Invest in Women, the “Phoenixes” in our Food Systems!

 
By Hilary Barry
Secretary General & Founder LadyAgri Impact Investment Hub

LadyAgri is a non-profit association supporting women in agri-value chains and women-led agri-businesses across Africa and Small Island Developing States. Of these businesses, 75 percent are women-led and 25 percent have strong gender-smart inclusive business models (including women employees, farmers, processors, distributors, customers). LadyAgri also works with policy makers, the FAO and donors as well as local banks, development finance institutions and social impact investors to measure their ‘real appetite’ to invest in women in agri-business and in food supply chains.

We have delved through the lasagna layers of ‘gender washing’ and glossy brochures with smiling women CEOs and happy women farmers holding smart phones to digitally include them in the formal financial economy. Prior to the COVID-19 pandemic, it was very clear that the ‘bottom line’ which interested investors were large agri-corporates operating in Africa and Small Island Developing States, which from a purely economic perspective were big ticket sizes, low risk as borrowers and well placed in the international global food and commodity supply chains.

Up until the crisis broke, an invisible or hidden group of uninteresting ‘Cinderellas’--women farmers, women cooperatives and women-led SMEs operating in the mid-stream of our food supply chains--were not invited to dance at the ‘Investment Ball’. The market disruption of imports and exports to African countries changed the rules of the game and put a spotlight on these women as the ‘real heroes’, the ‘Prima Ballerinas’ who continue to ensure a steady food supply to local and regional markets across Africa.

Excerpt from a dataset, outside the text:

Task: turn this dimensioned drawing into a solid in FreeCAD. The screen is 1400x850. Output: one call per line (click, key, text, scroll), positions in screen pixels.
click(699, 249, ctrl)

Suddenly those ‘feeding’ the local population, putting food on the tables during this crisis, yes, trading in local currency, became visible. Our LadyAgri women entrepreneurs grow fonio, cassava and rice, process peanuts and cashew, produce attieké, injera and invaluable soap--a simple but perhaps life-saving everyday item made from local ingredients such as shea butter or cocoa butter. They are the invisible drivers of the international commodity supply chains ensuring you have good coffee, spices, tropical fruit and sweet chocolate.

During this COVID-19 crisis, lo and behold, we have been reminded that you cannot drink ‘crude oil’ or eat ‘decorative flowers’! Some African Union member countries took a protectionist stance on food imports and agri-trade in 2019 by closing borders with neighboring countries despite the backdrop of the AfCFTA. With COVID-19 imposed isolation, the same countries struggled to feed their large urban populations. There was a reality check on which countries enjoyed food sovereignty and those facing rapid food insecurity. 

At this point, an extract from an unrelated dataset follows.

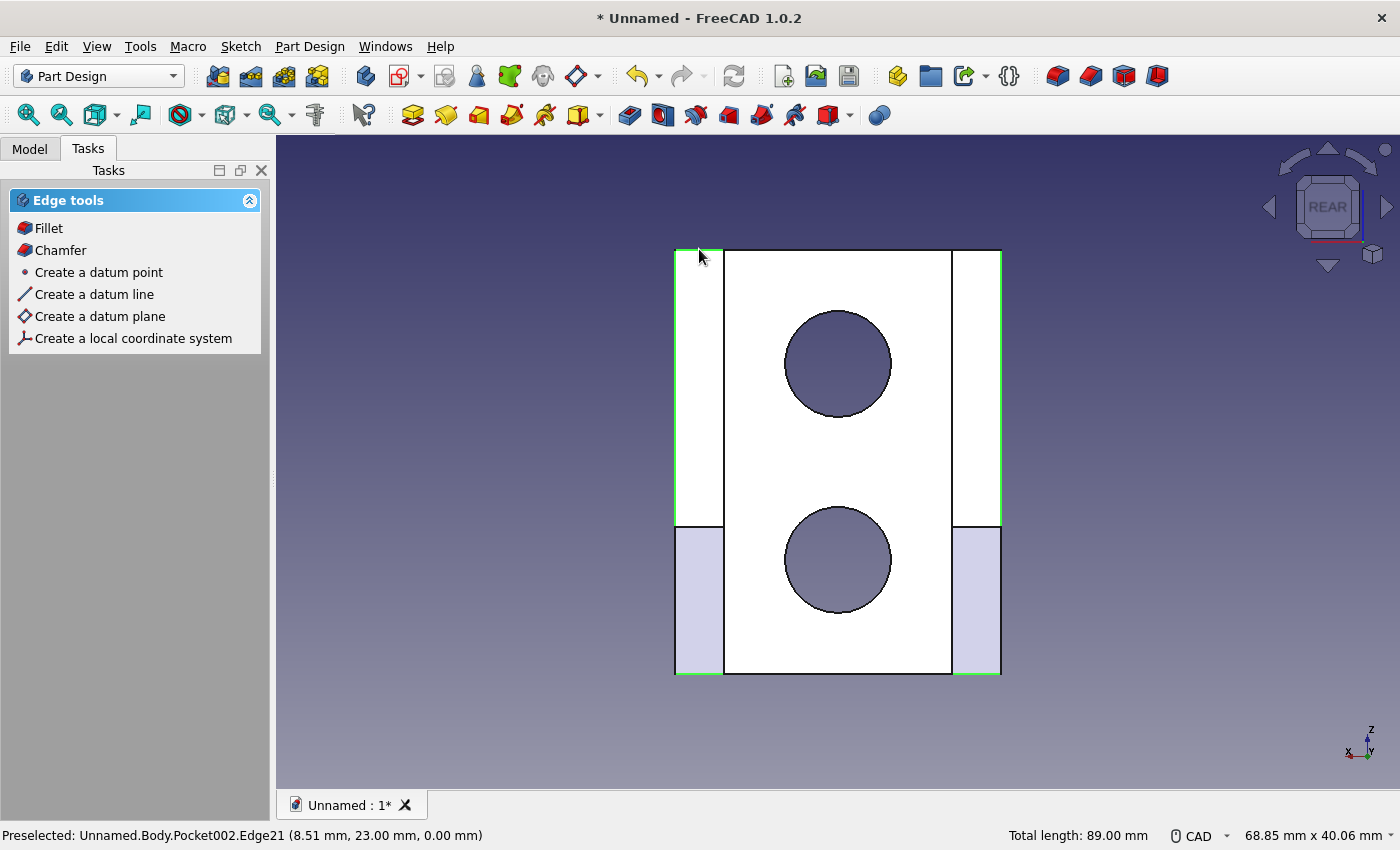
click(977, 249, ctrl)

Remember the Malabo Declaration, whereby countries committed to investing 10% of GDP in agriculture? The pandemic quickly showed the results of years of lack of investment in the local food supply system and in the ‘unseen heroes’ who produce and feed the local population every day: women!

For so many rural young people who migrated to the urban ‘promised’ land of milk and honey, they sadly discovered that cities do not produce either. Maybe a reversed exodus, like we witnessed in India, from urban to rural areas was the best indicator that basic needs like food production and sustainable food supply can only be met by investing in rural areas.  Not investing in agriculture is no longer an option. Not investing in food systems and those who are the ‘guardians’ of this fragile system, women, is the biggest socio-economic risk we can take right now.

Women need and deserve access to technical capacity building, appropriate and affordable finance, access to quality seed, agri-inputs, modern production and processing equipment and reliable energy. This is the mission of LadyAgri, because without women’s access to the necessary resources, the Sustainable Development Goals will never be achieved. The SDGs are only 8-9 years away, and yet climate change is the loudest ticking clock and already directly impacting our food production system with women on the frontline fighting the crisis.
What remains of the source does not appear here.